Aviso a quien lea (eeoo! hay alguien ahí?), este capítulo es un poco triste porque tenía que ser así y antes de poner en boca de alguna de las almas alguna experiencia triste, no me parecía bien, fue mi personaje quien tuvo que hablar. Pero sólo es un poquito, a partir de ahora es cuando empieza lo bueno...
Capítulo 5: Efectos indeseables
Apenas durmieron esa noche. Las emociones que habían vivido hacía unas horas a las afueras del castillo las mantenían tensas. Además, un ambiente frío, casi helado se notaba en las habitaciones.
- Qué mal lo he pasado esta noche -mumuró Circe restregándose los ojos- Bueno, el ratito que he podido dormir.
- Yo también, pero es que estoy helada. ¿Se habrán roto las calderas? -preguntó Brabra arrebujándose entre las mantas.
- Ni idea, pero yo me voy a la sala común a la chimenea -comentó Nigriv levántandose- A ver si me caliento un poquito. Aloho ¿te vienes?
- Sí, voy también.
Las dos chicas bajaron a la sala común. El fuego estaba encendido y parecía que no era a las únicas que se les había ocurrido la idea. Ya había algunos alumnos de segundo sentados ante la chimenea. Nadie hablaba. El silencio era lo único que se escuchaba en el ambiente junto al crepitar de las llamas. Y aún así, se notaba el frío, mucho frío.
Rato después, las cuatro Hufflepuff se reunieron, como de costumbre, con las dos Ravenclaws para bajar a desayunar. Se saludaron con desgana.
- Hoy estoy "ploff" -dijo Nigriv, una expresión que usaba cuando se encontraba mal.
- ¿"Ploff"? -se extrañó Inqui ante la expresión- Si significa q estás apática, entonces yo también estoy "ploff".
- Es extraño... yo también me siento... no sé, rara... triste -confirmó Mahe. Se miraron sin entender qué podía ser.
- Quizá sea un efecto retardado del enfrentamiento con los dementores anoche -comentó Aloho pensativa- Y por eso nos sentimos así, porque yo también me siento extraña.
- Puede ser... pero no me gusta sentirme así... -se estremeció Circe- y encima este frío...

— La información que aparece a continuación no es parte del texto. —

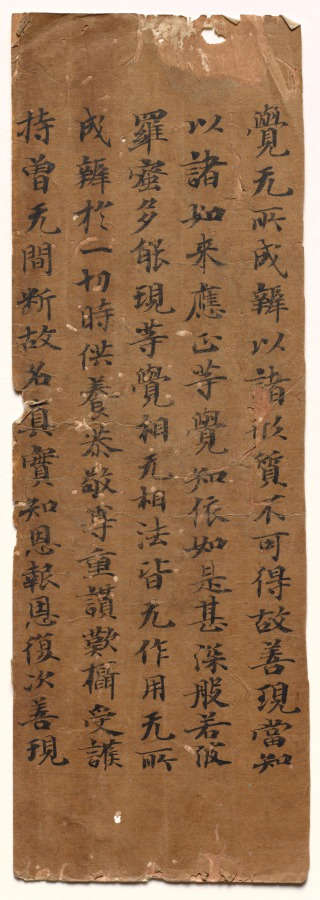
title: Text of the Perfection of Wisdom (Mahāprajñāpāramitā) Sūtra
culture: China, Tang dynasty (618-907)
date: c. 700s-800s
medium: Album leaf, ink on dyed paper
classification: Bound Volume
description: This precious text fragment is one of the earliest calligraphies in the collection. The text is copied from the Mahāprajñāpāramitā Sūtra (also called the Perfection of Wisdom Sutra (Chinese: 摩訶般若波羅蜜多經; Móhā Bōrĕ Bōluómìduō jing). The passage is part of a collection of sacred Buddhist texts written in India around 100 BC to AD 600 that were translated in the 700s by the Chinese monk Xuanzang. The paragraph is written in regular script style (kaishu) with deep black characters on brown aged paper that may have originally been dyed yellow. Mahāyāna Buddhism teaches that faithfully copying sutra texts is a good deed that helps one accumulate merit and the Buddha’s blessings—a way to gain rebirth in the Western Paradise.
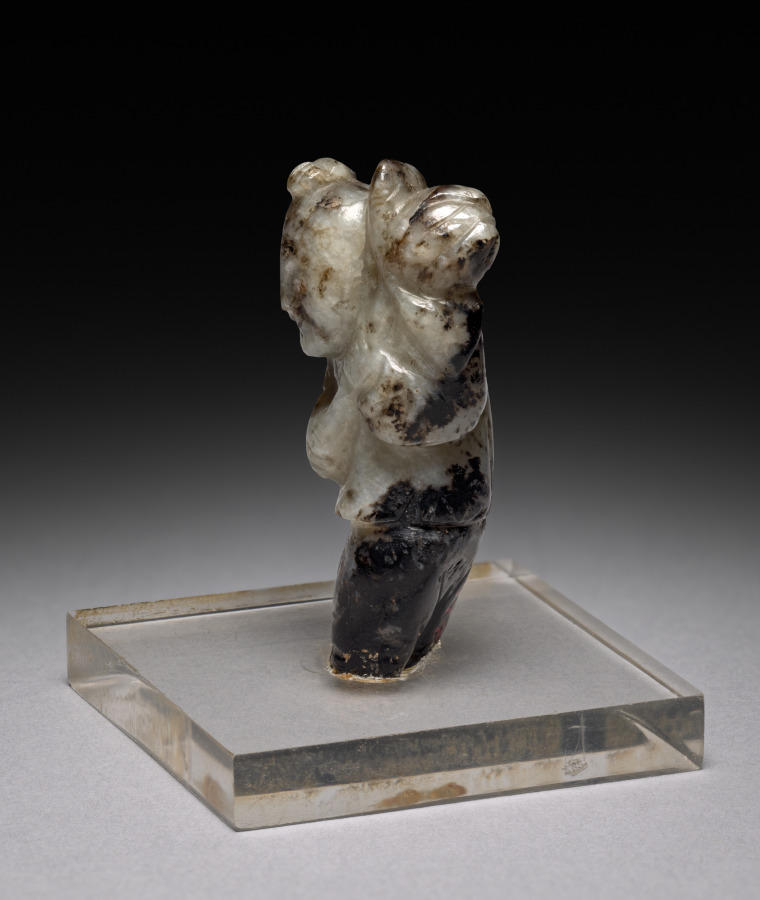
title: Boy
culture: China, Tang dynasty (618-907) - Song dynasty (960-1279)
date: 8th-10th Century
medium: jade
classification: Jade
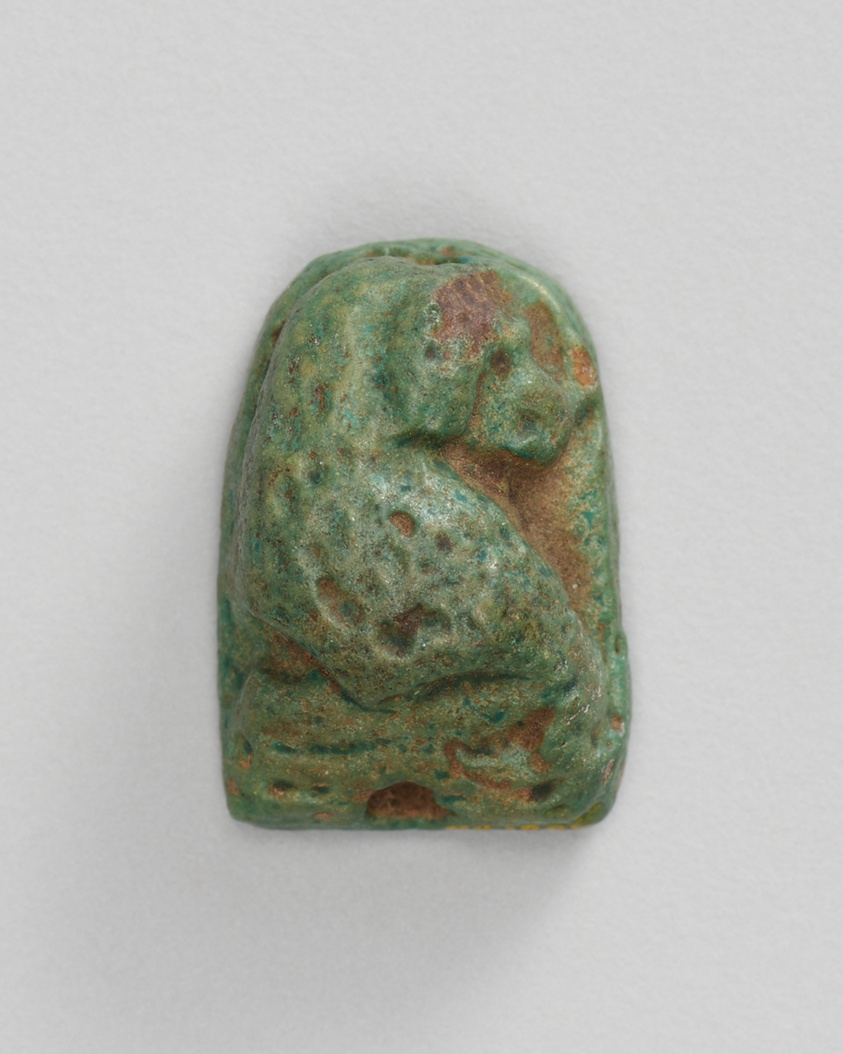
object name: Costume and Accessories
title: Scaraboid: Squatting Baboon
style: new kingdom, ancient, egyptian
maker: Egyptian
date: New Kingdom, Dynasties 18–20 (about 1550–1069 BCE)
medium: Glazed steatite
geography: Egypt
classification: scaraboids; amulet; ancient art; costume
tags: baboon, gods (deities), Hieroglyphs, deities
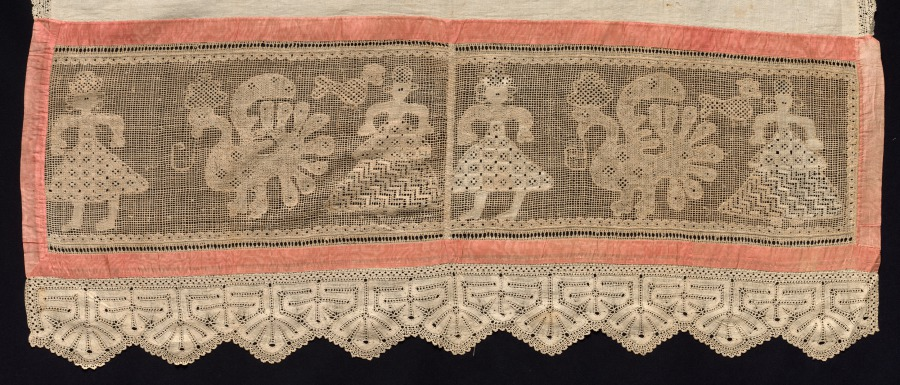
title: Cloth with Border of Female Figures and Peacocks
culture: Russia
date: 1700s–1800s
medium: Linen: needle lace (cutwork and drawnwork), straight (continuous) bobbin lace, (tape lace) edging; applied silk (est.) ribbon
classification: Lace
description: This cloth may have functioned as a towel. On one end, there are two panels of lace work surrounded by pink silk ribbon. Within each panel are two women flanking a stylized peacock. A smaller bird flies near the head of the woman on the right side of each panel.
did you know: Handmade lace for marriage dowries was produced at large quantities in Russia during the eighteenth and nineteenth centuries.
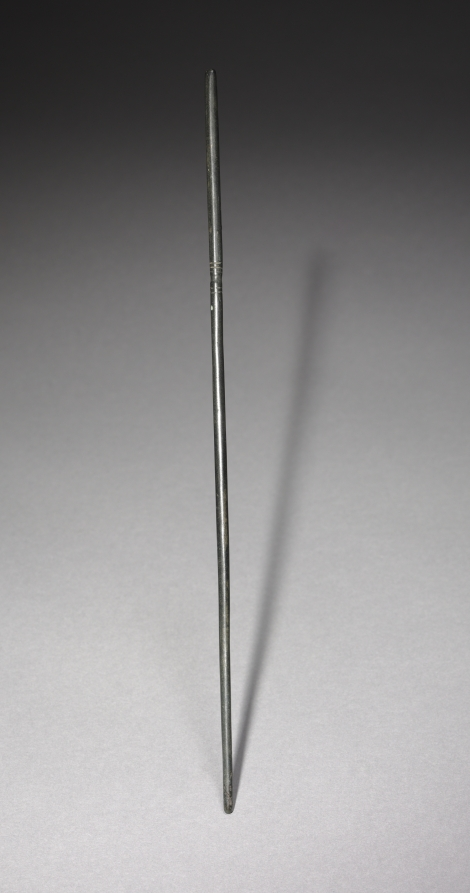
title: Chopstick
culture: Korea, Goryeo dynasty (918–1392)
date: 918–1392
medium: bronze
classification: Metalwork
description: In Korea, chopsticks made of metal such as brass, silver, and gold were excavated from ancient tombs and ruins dated to the 6th century at the earliest. Burial goods often include utilitarian objects such as table wares and utensils because the dead were believed to need them in the afterlife.
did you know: Nowadays Korean still prefer metal chopsticks (stainless steel and brass) to wooden ones.
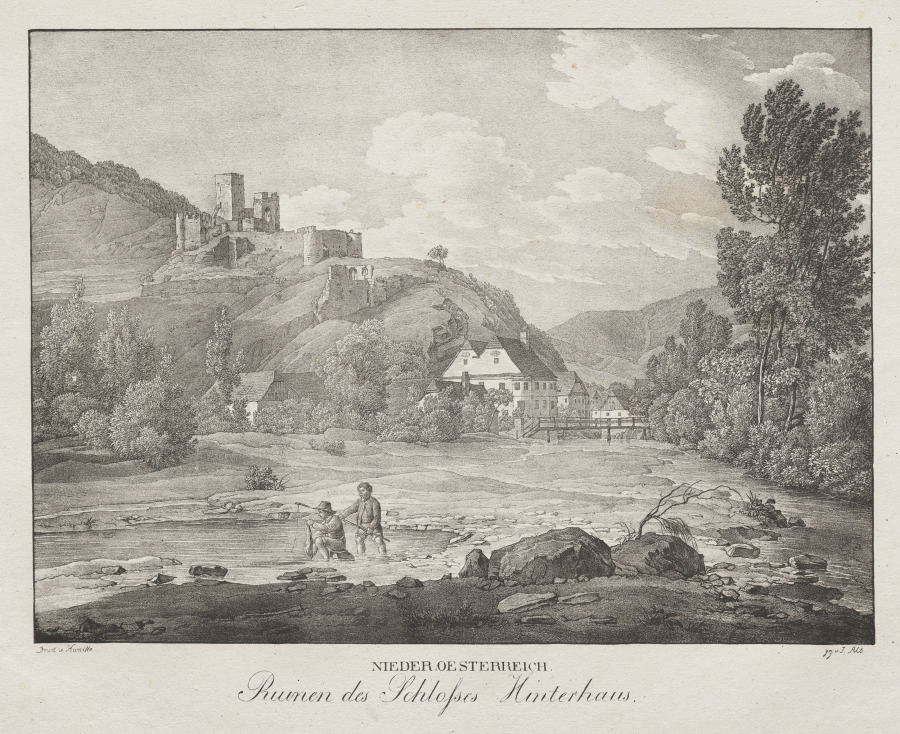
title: Nieder-oesterreich, Ruinen des Schlosses Hinterhaus
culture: Austria
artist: Jakob Alt (Austrian, 1789–1872)
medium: lithograph
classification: Print
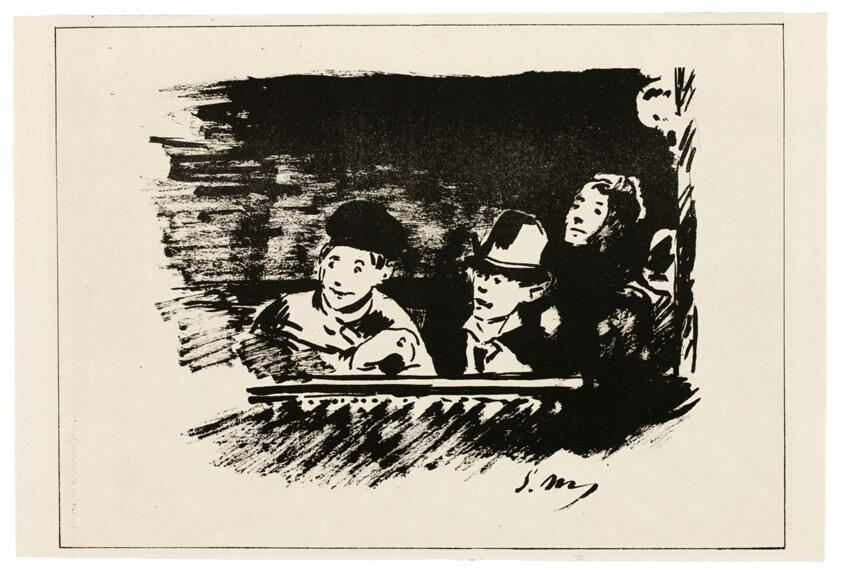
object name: Print
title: In the Upper Gallery
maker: Édouard Manet (French, 1832-1883); printed by Lefman et Compagnie (French, 19th century)
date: 1877
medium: Gillotage in black on trimmed gray wove China paper
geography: France
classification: relief etching; print; prints and drawing
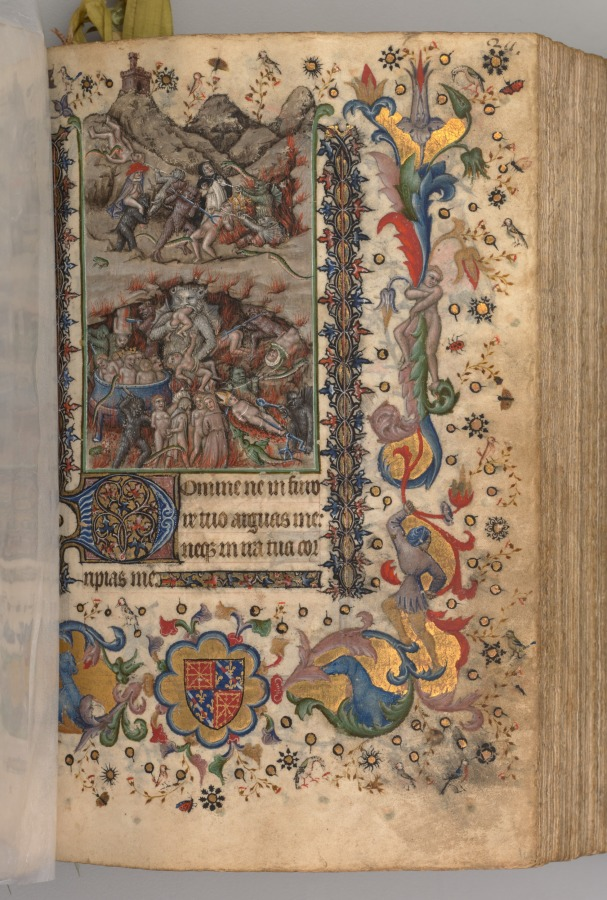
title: Hours of Charles the Noble, King of Navarre (1361-1425): fol. 101r, Text
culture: France, Paris
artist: Master of the Brussels Initials and Associates (French)
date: c. 1405
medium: ink, tempera, and gold on vellum
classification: Bound Volume
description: This precious volume was obviously highly prized by its owner, the French-born King of Navarre, who had his coat of arms painted on no less than twenty folios. Rather than directly commissioning this manuscript from a specific workshop, it seems that Charles the Noble acquired his book of hours -- perhaps ready-made for the luxury market -- while on a trip to Paris in 1404-05. A collaborative effort, six painting styles are evidenced within the pages of this codex, those of two Italians, two Frenchmen, and two Netherlanders. The painter who was responsible for the planning and decoration of the book, and who produced seventeen of the large miniatures, was a Bolognese artist known as the Master of the Brussels Initials. His principal assistant, responsible for most of the borders, was a Florentine who signed his name "Zecho" da Firenze on folio 208 verso.
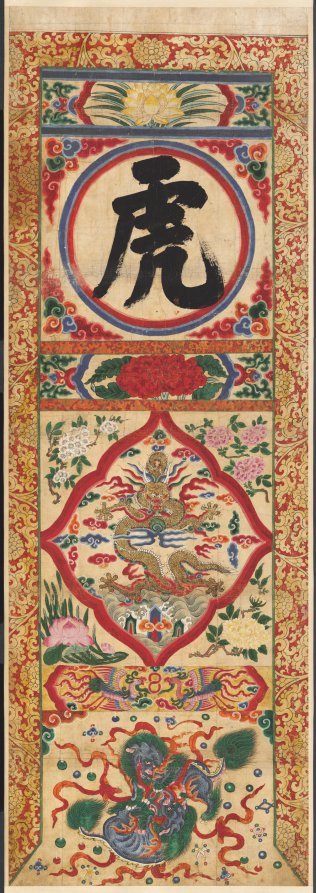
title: Painted Panel of Character "Tiger"
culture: Korea, Joseon dynasty (1392–1910)
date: early 1900s
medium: hanging scroll, ink and color on paper; unmounted
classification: Painting
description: This set of four colorful hanging scrolls may have been used in an outdoor Buddhist ritual to evoke heavenly blessings. Each hanging scroll bears four different character; tiger, dragon, whistle, and recite. Traditionally, tiger and dragon belong to the four directional guards, respectively west and east.
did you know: This set of four colorful hanging scrolls may have been used in an outdoor Buddhist ritual to evoke heavenly blessings.
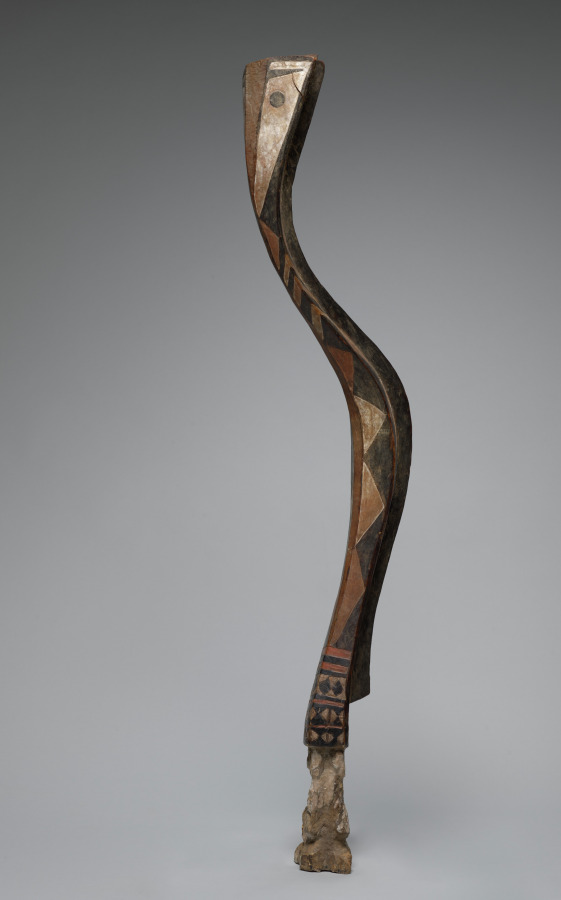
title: Serpent Headdress
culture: Africa, West Africa, Guinea, possibly Baga-style maker
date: late 1800s–early 1900s
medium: Wood (Nauclea pobeguinii) and paint
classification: Mask
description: Traditionally, Baga society was ruled by village councils of elders who derived their power from their direct contact with spirit entities through lifelong initiation rituals and the accumulation of secret knowledge. Two different religious orders controlled initiations, providing the context for much Baga art. One was identified as female, the other as male, though only men belonged to both groups. Initiations in each order followed three stages, culminating in the revelation of the highest spirit being. This type of Baga headdress embodied the serpent spirit Ninkinanka, honored for giving rain, bestowing riches, and bringing forth children. The serpent figure would be placed on top of a conical framework of palm branches carried on a male dancer’s head. It appeared at the end of the first level of the initiation for boys and girls or just before the circumcision at the beginning of the boys’ initiation.
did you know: In the context of boys' initiations, the serpent headdress was sometimes identified as the rainbow, which the Baga and their neighbors associate with beginnings and endings, life and death, and the continuation of lineages.
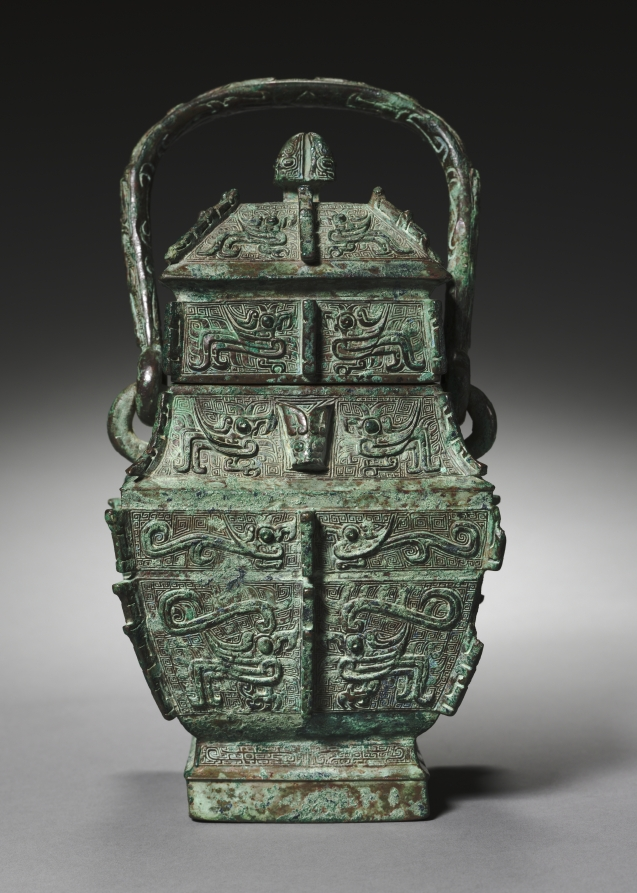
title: Square Wine Container (Fangyou)
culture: China, Henan province, probably Anyang, Shang dynasty (c. 1600–c. 1046 BCE), Anyang phase (c. 1250–1046 BCE)
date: c. 1250–1046 BCE
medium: bronze
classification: Metalwork
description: From the finely proportioned body to the elaborate decoration cast with great precision, this ritual wine vessel displays the artistic refinement and technical virtuosity that marked the full blossoming of late Shang bronze art. The dramatic contrast of the crested birds (kuifeng) against the dense background of spiral patterns (leiwen) gives the vessel a new force, clarity, and intense vitality. The distinctive square body also places it as a rare and important type among the more usual round or ovoid types.
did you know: The bird motif decoration of this bronze is uncommon; more often these bronzes are decorated with a combination of birds and dragons.
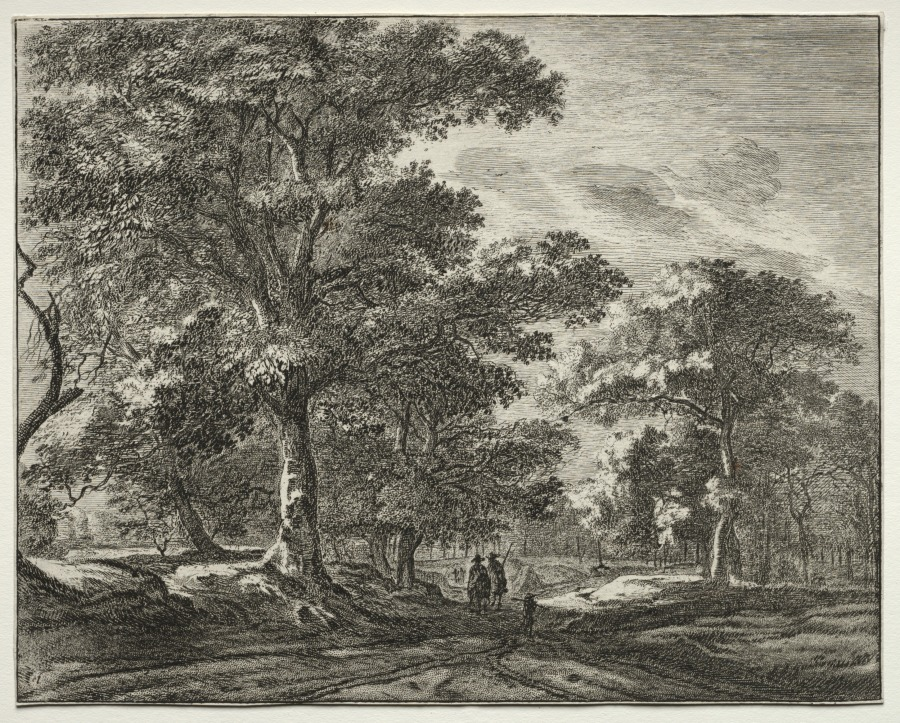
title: Six views in the Wood of the Hague (series)
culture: Netherlands
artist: Roelant Roghman (Dutch, 1627–1692)
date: 1640–52
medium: etching
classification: Print

- Habrá que ir bajando, ¿no? -propuso Brabra desganada- Aunque no tengo ni ganas de desayunar
Se encaminaron al Gran Comedor. Como cada día Missi estaba en la puerta esperándolas.
- ¿Has dormido algo? -le preguntó Circe.
- Casi nada y no me he levantado muy bien.
- ¿No te sentirás... triste o algo así, no? -tanteó Aloho. Missi la miró con sorpresa. Era así como se sentía y no sabía por qué.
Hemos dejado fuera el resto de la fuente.